Work to be completed :: The answer must be every line of the records below that contains the word "this".
----- Available records -----
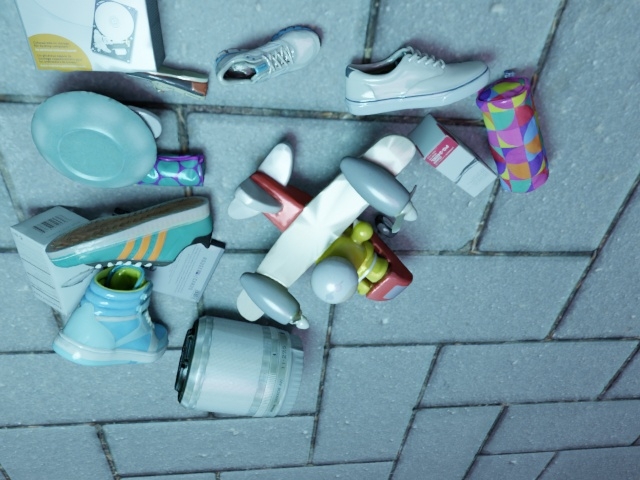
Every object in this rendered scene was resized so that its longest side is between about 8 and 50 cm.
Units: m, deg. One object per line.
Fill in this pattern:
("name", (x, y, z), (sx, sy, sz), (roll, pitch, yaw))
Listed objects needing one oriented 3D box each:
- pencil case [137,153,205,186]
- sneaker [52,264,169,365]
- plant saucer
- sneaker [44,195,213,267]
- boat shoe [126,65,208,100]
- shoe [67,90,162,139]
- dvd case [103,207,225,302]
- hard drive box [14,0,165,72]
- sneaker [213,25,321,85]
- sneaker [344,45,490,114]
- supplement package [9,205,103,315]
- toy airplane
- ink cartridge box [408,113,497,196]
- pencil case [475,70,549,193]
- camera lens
("pencil case", (-0.297, -0.138, 0.846), (0.152, 0.064, 0.070), (2, 140, -10))
("sneaker", (-0.407, 0.159, 0.991), (0.127, 0.319, 0.208), (24, 87, 14))
("plant saucer", (-0.379, -0.151, 0.746), (0.195, 0.037, 0.194), (-4, 137, -4))
("sneaker", (-0.348, 0.010, 0.861), (0.303, 0.108, 0.120), (-19, 120, -26))
("boat shoe", (-0.262, -0.273, 0.763), (0.137, 0.049, 0.043), (6, 128, -17))
("shoe", (-0.362, -0.219, 0.767), (0.178, 0.081, 0.063), (2, 130, -12))
("dvd case", (-0.357, 0.041, 0.993), (0.239, 0.029, 0.179), (20, 121, -22))
("hard drive box", (-0.341, -0.375, 0.649), (0.181, 0.089, 0.232), (-2, 126, -7))
("sneaker", (-0.087, -0.296, 0.746), (0.191, 0.082, 0.071), (-19, 125, 5))
("sneaker", (0.168, -0.287, 0.779), (0.259, 0.094, 0.091), (-12, 131, 2))
("supplement package", (-0.521, 0.041, 0.901), (0.105, 0.105, 0.179), (22, 129, 20))
("toy airplane", (0.000, 0.000, 0.859), (0.385, 0.272, 0.385), (-7, 127, -1))
("ink cartridge box", (0.257, -0.165, 0.872), (0.151, 0.109, 0.063), (30, 116, -26))
("pencil case", (0.376, -0.205, 0.870), (0.105, 0.104, 0.236), (-25, 124, 11))
("camera lens", (-0.202, 0.310, 1.096), (0.275, 0.219, 0.219), (14, 123, -17))
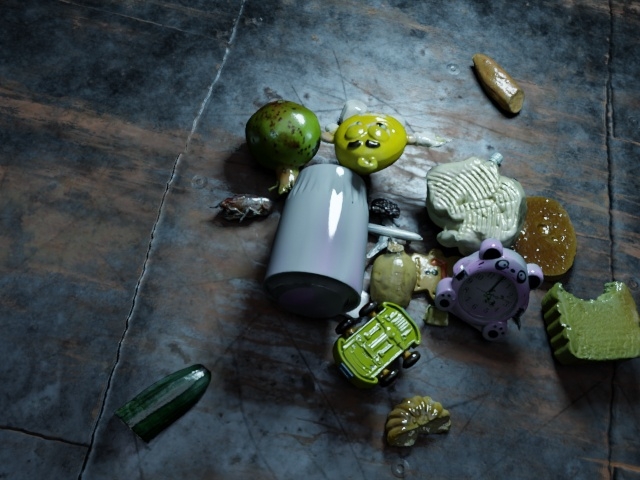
-----
Completed exercise ::
Every object in this rendered scene was resized so that its longest side is between about 8 and 50 cm.
Fill in this pattern:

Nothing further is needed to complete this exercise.